CLIP–Depth Guided Multi-View Pair Selection for Large-Scale 3D Reconstruction

A CLIP and Depth-Anything v2 based view selection strategy that improves robustness and scalability of agricultural 3D reconstruction with COLMAP.

Traditional structure-from-motion pipelines struggle in large, repetitive agricultural scenes due to ambiguous matches and weak viewpoint coverage. In this project, we design an end-to-end 3D reconstruction pipeline that fuses global descriptors from CLIP and Depth-Anything v2 to intelligently shortlist image pairs, and then uses rotation-robust local features to build stable maps with COLMAP.

Methodology

The pipeline combines global semantic and geometric cues with robust feature matching:

Global descriptor fusion. Extract CLIP and Depth-Anything v2 global descriptors for each image to capture both high-level semantics and depth-aware geometry.
View pair clustering. Reduce the fused descriptors using t-SNE and cluster them with KMeans to identify promising view pairs that are likely to have good overlap and complementary coverage.
Robust local matching. Detect rotation-robust ALIKED keypoints and match them with LightGlue to obtain accurate, efficient correspondences within the shortlisted pairs.
Incremental COLMAP mapping.
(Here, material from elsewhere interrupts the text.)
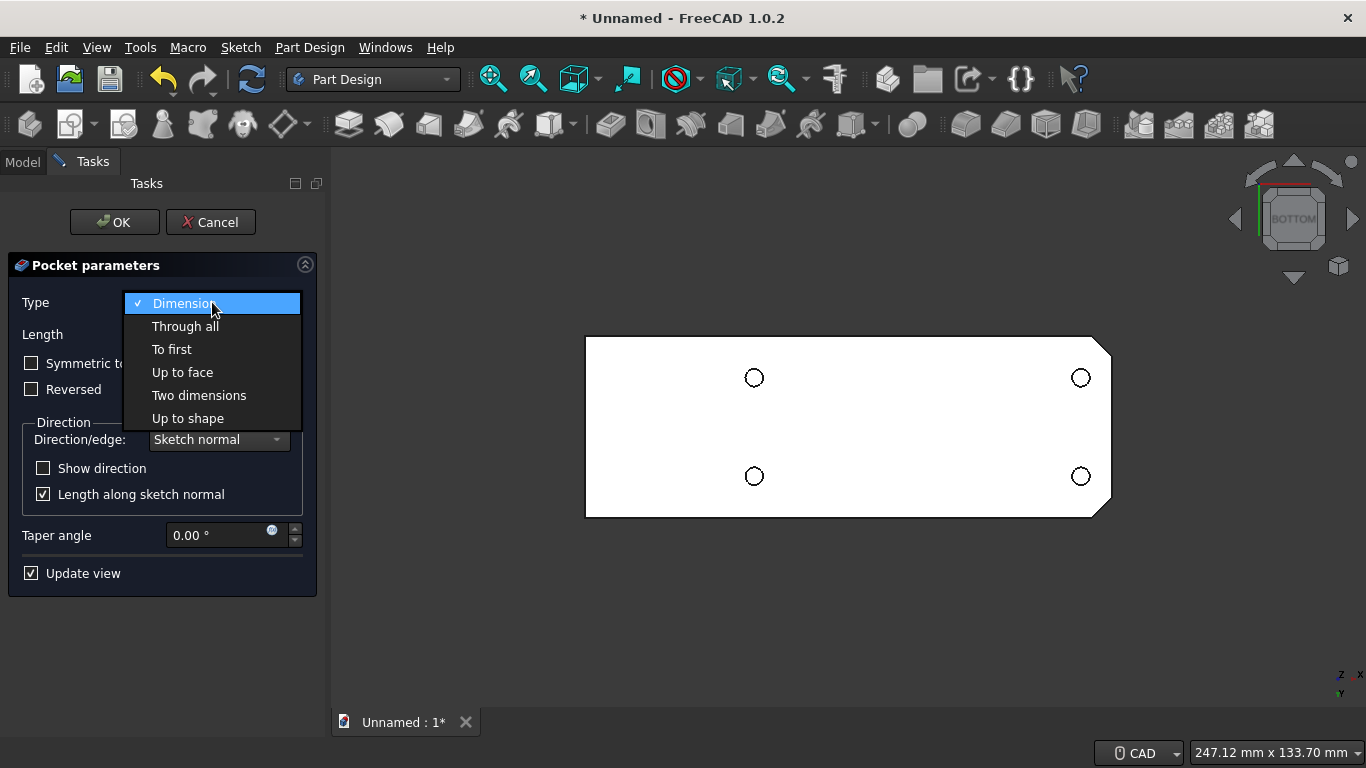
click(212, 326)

Feed the matched pairs into an incremental COLMAP pipeline to reconstruct large field scenes with improved stability and fewer gross matching failures.

Results & Impact

The CLIP–Depth guided pairing improves reconstruction completeness and consistency in long, repetitive rows compared with naive nearest-neighbor or fully-connected pairing strategies.

This project shows that integrating foundation model descriptors with classic SfM pipelines can significantly enhance 3D mapping robustness in agricultural environments, without requiring modifications to the underlying reconstruction engine.